A typical fit: data-analytics agent integration.
Named, production-deployed internal agent suite (Karl, DokGPT, and others) beyond generic client demos. Minimum engagement starts at $30K. Works best with clients in Fintech, Retail, Manufacturing.
Who should choose Markovate?
A typical fit: generative AI product features.
Leadership with direct enterprise AI experience (AT&T, IBM) applied to a boutique-scale delivery team. Minimum engagement starts at $20K. Works best with clients in Fintech, Healthcare, SaaS.
Decision matrix: Kanerika vs Markovate
| Your situation | Recommended choice |
|---|---|
| You need full-ownership delivery on a defined project scope | Kanerika |
| You need a large dedicated team for an ongoing programme | Check each company's engagement model |
| Your budget is at the lower end | Markovate |
| You need specialist depth in a specific vertical | Kanerika |
| You need staff augmentation or team extension | Neither; consider alternatives that offer staff aug |
| You need consulting before committing to a build | Both may offer discovery engagements |
Use case fit: Kanerika vs Markovate
| Use case | Kanerika fit | Markovate fit | Winner |
|---|---|---|---|
| Data-analytics agent integration | Strong | Limited | Kanerika |
| Document intelligence agents | Strong | Limited | Kanerika |
| Generative AI product features | Limited | Strong | Markovate |
| RAG-based knowledge agents | Limited | Strong | Markovate |
| Fixed-price build | Limited | Limited | Both equally |
| Staff augmentation | Limited | Limited | Both equally |
Verdict: Kanerika vs Markovate
Kanerika (4.0/5) is the stronger overall choice for most AI Agent Development projects.

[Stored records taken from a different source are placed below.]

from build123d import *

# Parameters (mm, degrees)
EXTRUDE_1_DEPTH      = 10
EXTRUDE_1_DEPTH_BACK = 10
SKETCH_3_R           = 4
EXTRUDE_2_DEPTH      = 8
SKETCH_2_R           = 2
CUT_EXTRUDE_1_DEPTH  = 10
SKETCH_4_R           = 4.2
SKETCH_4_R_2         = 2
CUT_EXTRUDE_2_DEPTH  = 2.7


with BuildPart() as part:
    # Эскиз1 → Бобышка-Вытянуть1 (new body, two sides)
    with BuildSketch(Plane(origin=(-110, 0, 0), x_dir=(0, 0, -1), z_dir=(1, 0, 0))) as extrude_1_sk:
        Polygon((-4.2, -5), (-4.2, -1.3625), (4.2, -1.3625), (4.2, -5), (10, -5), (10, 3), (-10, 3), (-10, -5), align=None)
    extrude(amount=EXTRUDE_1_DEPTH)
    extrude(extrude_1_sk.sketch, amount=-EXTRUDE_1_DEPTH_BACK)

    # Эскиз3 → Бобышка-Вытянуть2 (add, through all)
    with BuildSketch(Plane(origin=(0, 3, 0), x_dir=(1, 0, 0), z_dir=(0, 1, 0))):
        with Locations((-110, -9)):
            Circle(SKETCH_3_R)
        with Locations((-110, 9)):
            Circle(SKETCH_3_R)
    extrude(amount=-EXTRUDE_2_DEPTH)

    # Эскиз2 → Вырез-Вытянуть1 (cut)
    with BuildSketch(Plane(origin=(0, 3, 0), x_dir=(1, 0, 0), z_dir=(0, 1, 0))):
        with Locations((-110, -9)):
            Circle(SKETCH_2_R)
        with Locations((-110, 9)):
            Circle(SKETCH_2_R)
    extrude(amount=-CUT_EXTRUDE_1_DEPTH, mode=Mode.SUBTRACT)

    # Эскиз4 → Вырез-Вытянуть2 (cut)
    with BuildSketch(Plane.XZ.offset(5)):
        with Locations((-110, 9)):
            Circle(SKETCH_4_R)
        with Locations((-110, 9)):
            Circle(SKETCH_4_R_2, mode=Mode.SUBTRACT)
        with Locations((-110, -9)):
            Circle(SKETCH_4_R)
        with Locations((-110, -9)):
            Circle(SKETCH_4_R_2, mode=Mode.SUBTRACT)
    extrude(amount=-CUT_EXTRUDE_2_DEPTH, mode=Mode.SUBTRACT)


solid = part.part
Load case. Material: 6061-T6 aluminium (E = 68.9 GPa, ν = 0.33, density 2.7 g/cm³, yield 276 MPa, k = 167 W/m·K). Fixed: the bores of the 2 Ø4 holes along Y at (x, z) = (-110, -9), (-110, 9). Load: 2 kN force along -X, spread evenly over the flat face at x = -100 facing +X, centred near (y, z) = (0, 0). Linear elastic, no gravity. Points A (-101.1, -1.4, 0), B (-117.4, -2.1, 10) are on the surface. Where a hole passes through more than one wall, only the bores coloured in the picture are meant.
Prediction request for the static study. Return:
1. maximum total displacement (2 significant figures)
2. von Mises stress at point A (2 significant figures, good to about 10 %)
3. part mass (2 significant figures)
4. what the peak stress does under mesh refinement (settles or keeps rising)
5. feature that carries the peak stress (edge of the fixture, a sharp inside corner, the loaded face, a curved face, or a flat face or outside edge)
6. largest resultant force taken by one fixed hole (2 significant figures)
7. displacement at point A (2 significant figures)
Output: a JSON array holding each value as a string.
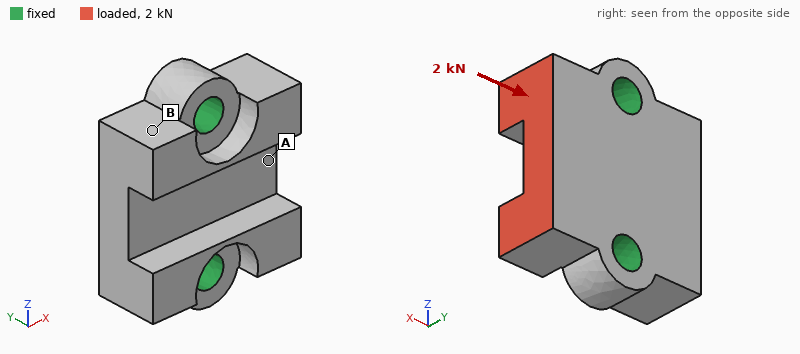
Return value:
["6.8 µm", "14 MPa", "6.6 g", "keeps rising", "a sharp inside corner", "1.0 kN", "4.4 µm"]
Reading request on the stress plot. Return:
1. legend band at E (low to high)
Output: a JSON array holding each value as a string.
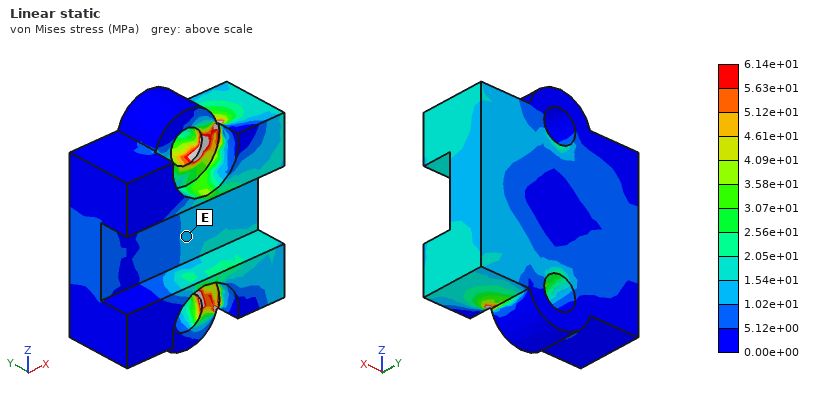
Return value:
["1.02e+01 to 1.54e+01 MPa"]
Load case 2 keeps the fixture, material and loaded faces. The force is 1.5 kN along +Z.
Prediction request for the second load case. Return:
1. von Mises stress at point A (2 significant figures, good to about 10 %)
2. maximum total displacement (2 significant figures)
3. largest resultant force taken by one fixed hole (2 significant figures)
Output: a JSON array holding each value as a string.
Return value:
["32 MPa", "11 µm", "1.0 kN"]
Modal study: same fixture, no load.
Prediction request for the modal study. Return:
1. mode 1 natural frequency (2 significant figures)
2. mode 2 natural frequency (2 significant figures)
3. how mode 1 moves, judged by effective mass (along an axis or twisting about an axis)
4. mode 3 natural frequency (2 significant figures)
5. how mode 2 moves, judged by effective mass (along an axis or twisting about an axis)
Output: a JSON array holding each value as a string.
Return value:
["30 kHz", "37 kHz", "twisting about Z", "44 kHz", "along Y"]
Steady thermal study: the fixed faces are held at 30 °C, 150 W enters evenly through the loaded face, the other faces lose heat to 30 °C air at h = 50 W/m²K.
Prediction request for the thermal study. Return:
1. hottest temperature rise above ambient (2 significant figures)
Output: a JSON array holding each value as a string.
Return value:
["78 K"]
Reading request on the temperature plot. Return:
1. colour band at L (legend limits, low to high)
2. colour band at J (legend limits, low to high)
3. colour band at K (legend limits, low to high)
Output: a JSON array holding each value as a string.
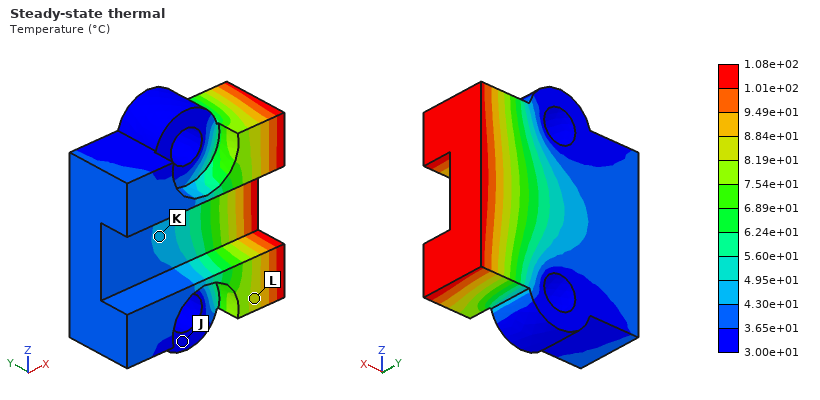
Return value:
["8.19e+01 to 8.84e+01 °C", "3.00e+01 to 3.65e+01 °C", "4.30e+01 to 4.95e+01 °C"]

Named, production-deployed internal agent suite (Karl, DokGPT, and others) beyond generic client demos.
Markovate (3.8/5) is worth a look if you need RAG-based knowledge agents. If your situation matches that, Markovate is a competitive option.
Related comparisons
Kanerika vs Markovate FAQ
Is Kanerika better than Markovate?
Kanerika (4.0/5) scores higher overall, but "better" depends on your use case. Kanerika's strongest advantage: analyst-recognized (Everest Group) data & AI specialist, not just self-reported. Markovate's strongest advantage: CEO brings direct enterprise AI leadership background (AT&T, IBM).
How do Kanerika and Markovate differ in pricing?

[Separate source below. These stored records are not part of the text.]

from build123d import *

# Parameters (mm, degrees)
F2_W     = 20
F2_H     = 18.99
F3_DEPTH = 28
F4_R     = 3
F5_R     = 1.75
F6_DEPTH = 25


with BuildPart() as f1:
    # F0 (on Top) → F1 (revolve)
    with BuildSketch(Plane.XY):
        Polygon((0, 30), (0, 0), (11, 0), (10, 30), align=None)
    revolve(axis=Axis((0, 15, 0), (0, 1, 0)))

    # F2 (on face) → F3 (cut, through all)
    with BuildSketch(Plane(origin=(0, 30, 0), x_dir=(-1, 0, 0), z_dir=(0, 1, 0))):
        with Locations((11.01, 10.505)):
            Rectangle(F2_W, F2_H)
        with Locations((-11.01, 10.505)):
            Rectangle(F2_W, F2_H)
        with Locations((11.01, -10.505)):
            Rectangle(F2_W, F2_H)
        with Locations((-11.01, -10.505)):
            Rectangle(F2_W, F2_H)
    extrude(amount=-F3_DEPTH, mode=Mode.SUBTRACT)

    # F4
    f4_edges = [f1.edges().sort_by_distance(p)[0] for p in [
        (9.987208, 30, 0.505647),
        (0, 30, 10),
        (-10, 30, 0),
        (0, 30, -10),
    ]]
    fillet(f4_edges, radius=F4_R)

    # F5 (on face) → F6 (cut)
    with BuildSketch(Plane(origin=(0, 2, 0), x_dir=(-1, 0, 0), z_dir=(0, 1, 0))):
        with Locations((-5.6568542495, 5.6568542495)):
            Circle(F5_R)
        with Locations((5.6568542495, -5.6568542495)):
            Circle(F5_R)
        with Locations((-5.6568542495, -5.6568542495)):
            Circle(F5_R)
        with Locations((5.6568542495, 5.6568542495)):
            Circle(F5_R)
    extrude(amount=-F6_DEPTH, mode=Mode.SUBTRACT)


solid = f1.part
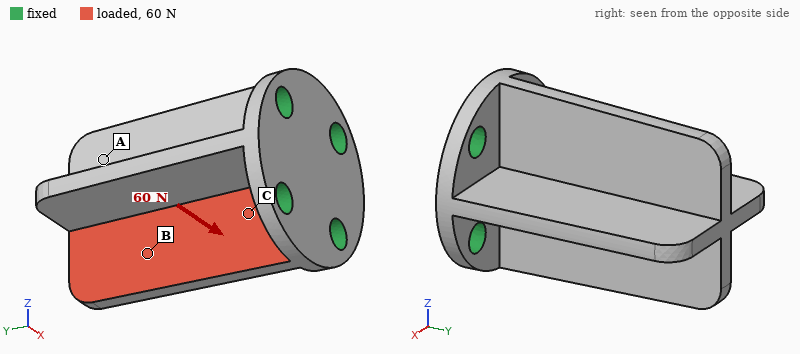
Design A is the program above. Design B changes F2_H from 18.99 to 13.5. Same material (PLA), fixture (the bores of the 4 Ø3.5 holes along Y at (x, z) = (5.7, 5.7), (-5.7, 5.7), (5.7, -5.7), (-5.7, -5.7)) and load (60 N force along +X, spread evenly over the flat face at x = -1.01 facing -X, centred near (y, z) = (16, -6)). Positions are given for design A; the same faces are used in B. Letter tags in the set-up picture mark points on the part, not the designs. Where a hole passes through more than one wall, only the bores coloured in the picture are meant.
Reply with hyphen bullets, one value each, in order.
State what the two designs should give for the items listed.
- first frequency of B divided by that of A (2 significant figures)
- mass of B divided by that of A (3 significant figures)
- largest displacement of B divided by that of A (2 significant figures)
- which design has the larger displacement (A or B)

Kanerika uses retainer, fixed project pricing with a minimum engagement of $30K. Markovate uses fixed project, t&m pricing with a minimum engagement of $20K. Neither firm publishes a full rate card; a discovery call is required for project-specific quotes.
Which is better for enterprise: Kanerika or Markovate?
Kanerika is the larger team and typically the better enterprise-scale choice. For very large programmes, verify team size and compliance coverage directly with each company before shortlisting.
What are the main differences between Kanerika and Markovate?
Kanerika's primary differentiator is: Named, production-deployed internal agent suite (Karl, DokGPT, and others) beyond generic client demos. Markovate's primary differentiator is: leadership with direct enterprise AI experience (AT&T, IBM) applied to a boutique-scale delivery team. They also differ in team size (201-500 vs 51-200), minimum engagement ($30K vs $20K), and primary industries served (Fintech, Retail vs Fintech, Healthcare).